Google Duplex demonstrates AI phone calls

On May 8, 2018, Google published a research blog post introducing Duplex, an AI system “for conducting natural conversations to carry out real-world tasks over the phone.” Demonstrated at the Google I/O conference, Duplex placed calls in a strikingly human-sounding voice to do narrow chores like booking a restaurant table or a hair-salon appointment, and the blog reported it could complete the majority of such calls “fully autonomously,” with human operators stepping in for hard cases.

The blog explains the tricks that made it sound human. The system combined concatenative text-to-speech with neural synthesis engines (Tacotron and WaveNet) to control intonation, and it deliberately inserted speech disfluencies, the “hmm” and “uh” sounds people make, to signal that it was processing and to make the conversation feel natural. It even managed latency on purpose, answering simple turns quickly but adding a beat of delay before more complex replies. Crucially, Google noted that Duplex worked only because it was constrained to closed domains narrow enough to train deeply; it could not hold a general conversation.

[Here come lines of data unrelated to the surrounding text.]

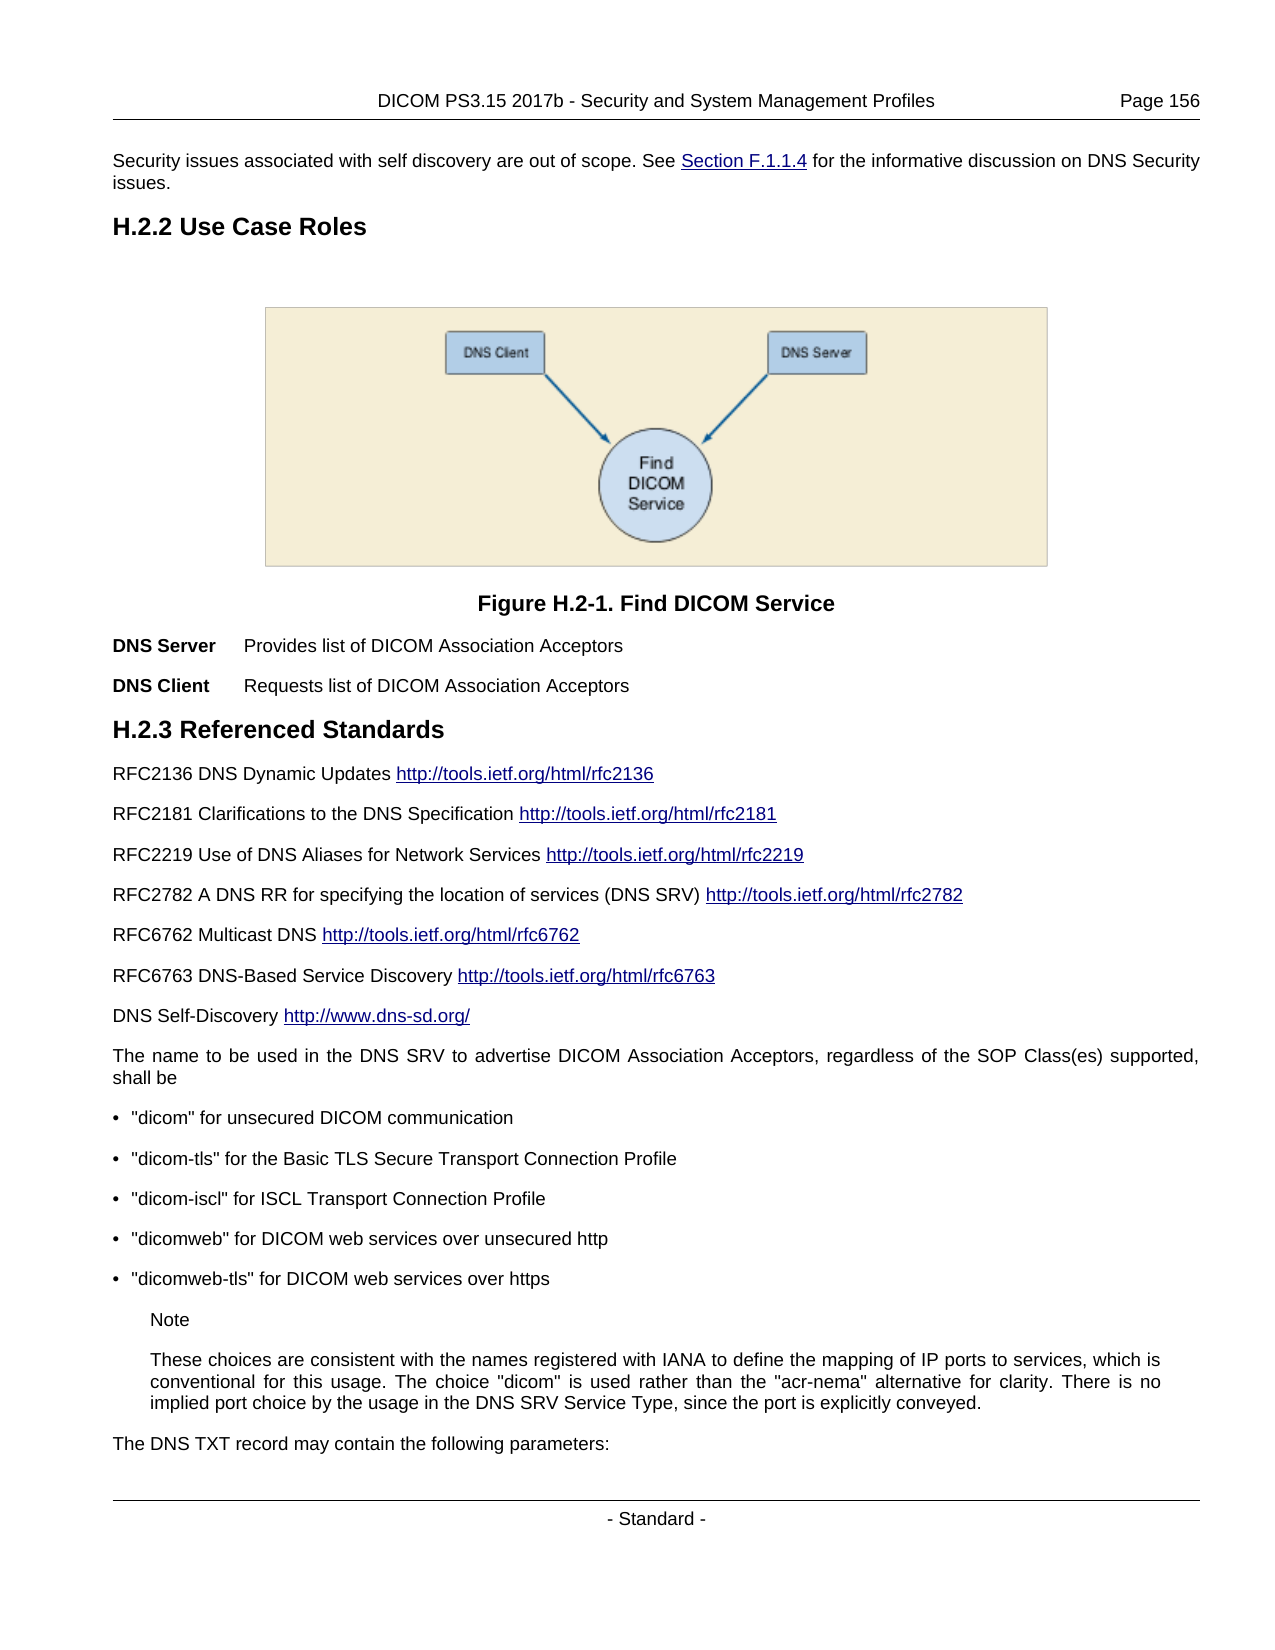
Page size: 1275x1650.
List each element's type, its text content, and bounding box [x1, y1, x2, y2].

text H.2.3 Referenced Standards [112, 715, 1200, 744]
list "dicomweb-tls" for DICOM web services over https [112, 1268, 1200, 1290]
text RFC2181 Clarifications to the DNS Specification http://​tools.ietf.org/​html/​rfc2181 [112, 803, 1200, 825]
list "dicom-tls" for the Basic TLS Secure Transport Connection Profile [112, 1147, 1200, 1169]
text RFC2219 Use of DNS Aliases for Network Services http://​tools.ietf.org/​html/​rfc2219 [112, 843, 1200, 865]
text The name to be used in the DNS SRV to advertise DICOM Association Acceptors, regardless of the SOP Class(es) supported, shall be [112, 1045, 1200, 1088]
list "dicomweb" for DICOM web services over unsecured http [112, 1228, 1200, 1249]
text DNS Self-Discovery http://​www.dns-sd.org/ [112, 1005, 1200, 1026]
text RFC6762 Multicast DNS http://​tools.ietf.org/​html/​rfc6762 [112, 924, 1200, 946]
text Note [150, 1308, 1162, 1330]
text Security issues associated with self discovery are out of scope. See Section F.1.1.4 for the informative discussion on DNS Security issues. [112, 150, 1200, 193]
list "dicom-iscl" for ISCL Transport Connection Profile [112, 1188, 1200, 1209]
picture [264, 306, 1049, 568]
text DNS Client Requests list of DICOM Association Acceptors [112, 675, 1200, 697]
text Figure H.2-1. Find DICOM Service [112, 590, 1200, 616]
text The DNS TXT record may contain the following parameters: [112, 1432, 1200, 1454]
text H.2.2 Use Case Roles [112, 212, 1200, 241]
text These choices are consistent with the names registered with IANA to define the mapping of IP ports to services, which is conventional for this usage. The choice "dicom" is used rather than the "acr-nema" alternative for clarity. There is no implied port choice by the usage in the DNS SRV Service Type, since the port is explicitly conveyed. [150, 1349, 1162, 1413]
list "dicom" for unsecured DICOM communication [112, 1107, 1200, 1128]
text RFC6763 DNS-Based Service Discovery http://​tools.ietf.org/​html/​rfc6763 [112, 964, 1200, 986]
text RFC2782 A DNS RR for specifying the location of services (DNS SRV) http://​tools.ietf.org/​html/​rfc2782 [112, 884, 1200, 905]
text RFC2136 DNS Dynamic Updates http://​tools.ietf.org/​html/​rfc2136 [112, 763, 1200, 784]
text DNS Server Provides list of DICOM Association Acceptors [112, 635, 1200, 656]

The demo astonished audiences and immediately raised an ethical question: the AI had not disclosed that it was a machine. After public criticism, Google said Duplex would identify itself and tell people the call might be recorded, and the feature rolled out cautiously in a few U.S. cities.

For a business reader, Duplex marked a turning point where synthetic voices became good enough to fool people in real conversations, forcing the question of when an AI must announce itself, an issue now central to how automated calling and customer service are regulated and perceived.